Я молчал. В горле стоял ком, которого там быть не должно было.
— Да только, говорят, — продолжил старик, светлея лицом, — нашёлся добрый человек. Инвестор. Завод выкупает, дочка-то Корсакова вернулась, хлопочет. Бог даст, выживем. — Он перекрестился на печь, как на икону. — Дай бог тому человеку здоровья, кто б он ни был.
— А Корсакова, — сказал я, сам не зная зачем, — старшего помните?
— Самого-то? — Старик пожевал губами. — А как же. Строгий был. Крутой. Но завод держал, людям платил вовремя, не то что после. — Он покосился на меня. — Хворает он теперь, слыхали? Сердце. Дочка ради него и вернулась, из самой столицы. Хорошая девка выросла. Бывало, маленькая, бегала тут по цехам, мы ей стекляшки цветные дарили, бракованные, она их к свету подносила и хохотала. — Он улыбнулся беззубо, в прошлое. — Любил он её без памяти. Всё для неё.
Всё для неё. Я стоял и слушал, как чужой человек складывает мне портрет тех, кого я столько лет носил в себе как обвинительный приговор, — и портрет выходил не такой, какой я нарисовал. Не тиран на крыльце. Отец, который дарил дочери цветные стекляшки. И от этого внутри становилось только хуже.

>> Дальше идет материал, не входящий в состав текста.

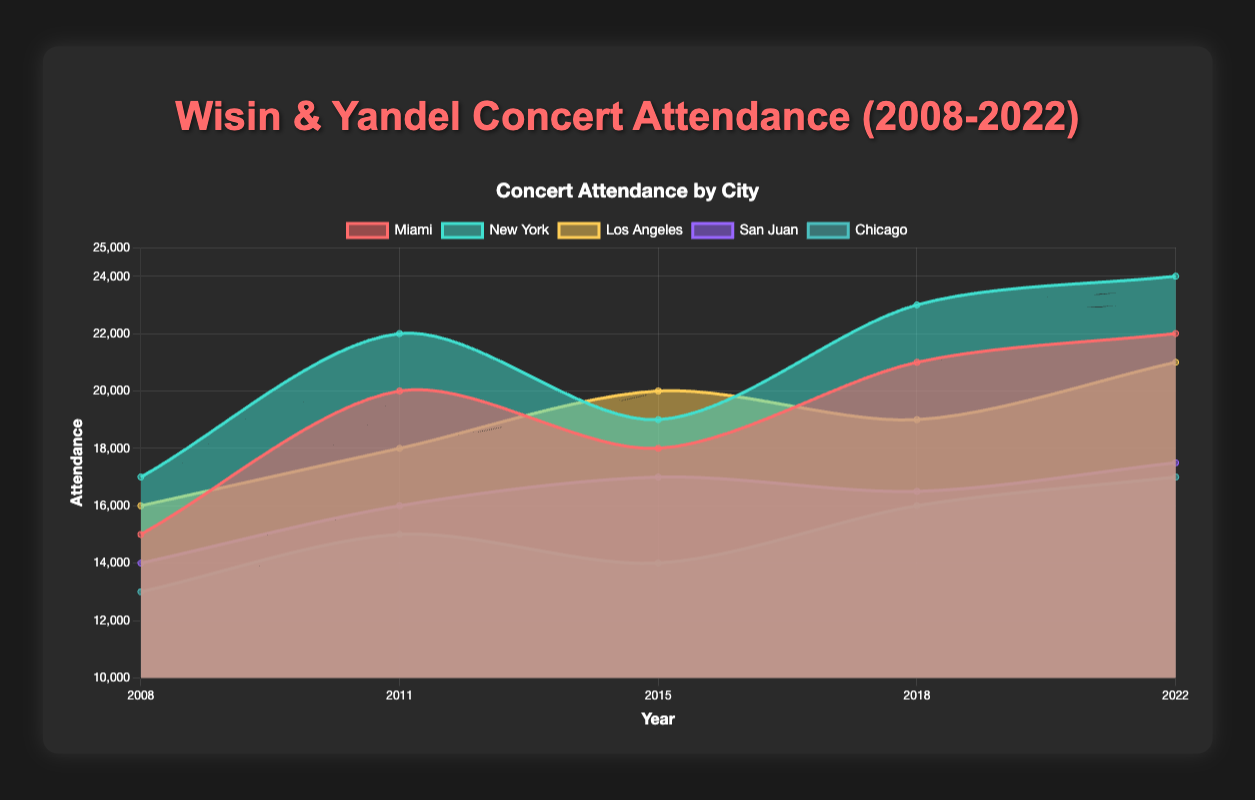question1 What is the title of the chart is "Wisin & Yandel Concert Attendance (2008-2022)", which is indicated at the top center of the chart.
Answer: Wisin & Yandel Concert Attendance (2008-2022) 
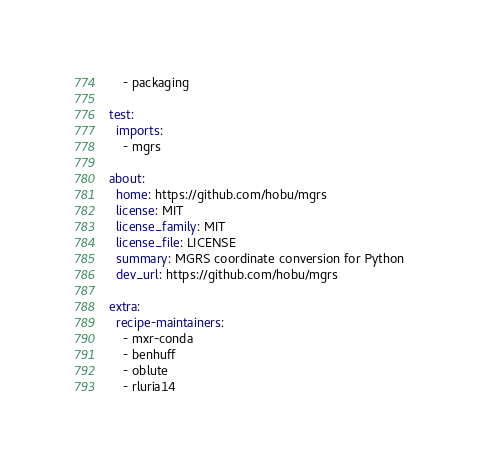<code> <loc_0><loc_0><loc_500><loc_500><_YAML_>    - packaging

test:
  imports:
    - mgrs

about:
  home: https://github.com/hobu/mgrs
  license: MIT
  license_family: MIT
  license_file: LICENSE
  summary: MGRS coordinate conversion for Python
  dev_url: https://github.com/hobu/mgrs

extra:
  recipe-maintainers:
    - mxr-conda
    - benhuff
    - oblute
    - rluria14
</code>

«Дай бог тому человеку здоровья».
Я кивнул старику и вышел во двор, потому что больше не мог там стоять. Утро разгоралось, над рекой висел туман, и где-то кричали чайки. Я стоял посреди двора, на том самом гравии, который хрустел под ногами в той, другой жизни, и понимал, что что-то идёт не по плану.
Я приехал сюда, чтобы напитаться старой злостью. Чтобы вспомнить унижение и подкормить им свою месть. А вместо этого я вспомнил, как она протянула мне стакан кваса. Как смеялась в высокой траве. И старик благословлял меня, не зная, что благословляет того самого мальчишку с обочины, который вернулся, чтобы всех сжечь.
Я думал, что знаю, как это устроено. Что у мести есть чёткая логика: тебе сделали больно — ты делаешь больно в ответ, и боль уравновешивается, и наступает покой. Я строил этот расчёт годами, по нему сверял каждое решение, по нему выкупил этот завод, по нему притащил её в свой дом и заставил подписать контракт. Всё сходилось на бумаге. Всё было идеально на бумаге.
Но никто не предупредил меня, что человек, которому ты мстишь, может оказаться не тем монстром, которого ты для себя нарисовал. Что у него будет белое от страха лицо, когда отцу станет плохо. Что он будет крутить на пальце несуществующее кольцо. Что он будет пахнуть цитрусом и ванилью и спать в трёх стенах от тебя, и от этого ты разучишься спать сам. Никто не предупредил, что мстить живому человеку — совсем не то же самое, что мстить призраку, которого ты семь лет держал в голове.
Старый мастер вышел следом, закурил у стены, кивнул мне на прощание, как кивают незнакомцу, который случайно забрёл и сейчас уедет навсегда. Он так и не узнал меня. И, может, это было к лучшему. Тот мальчишка, которого он помнил — если он его вообще помнил, — таскал ящики и смотрел на дочь хозяина так, что это видели все, кроме самой дочери хозяина. Этот мальчишка остался здесь, в этих стенах, в запахе горячего стекла. А человек, что приехал на чёрной машине, был кем-то другим. Я давно не был уверен, что он мне нравится.
Я сел в машину и долго не заводил мотор.
Месть, оказывается, имеет вкус. И вкус у неё — горячего стекла и кваса из трёхлитровой банки. И этот вкус, впервые за все эти годы, показался мне не сладким, а просто горьким.
Я завёл наконец мотор и выехал за ворота, и заспанный охранник махнул мне рукой, и я кивнул в ответ. По трассе обратно я ехал медленно, против всех своих привычек, не разгоняясь, будто оттягивал возвращение в дом, где меня ждала она — спящая, ничего не знающая о том, где я был на рассвете и что я там понял. А понял я простую и страшную вещь, от которой до сих пор сводило зубы.
Я могу довести этот контракт до конца. Могу отнять у неё год жизни, заставить улыбаться на приёмах, играть мою невесту, спать в трёх стенах от меня и сходить с ума так же, как схожу я. Могу растянуть это на все двенадцать месяцев и под занавес уничтожить, как и планировал. Всё это в моей власти — у меня есть деньги, есть подпись на бумаге, есть холод, который довёл меня до сорок третьего этажа.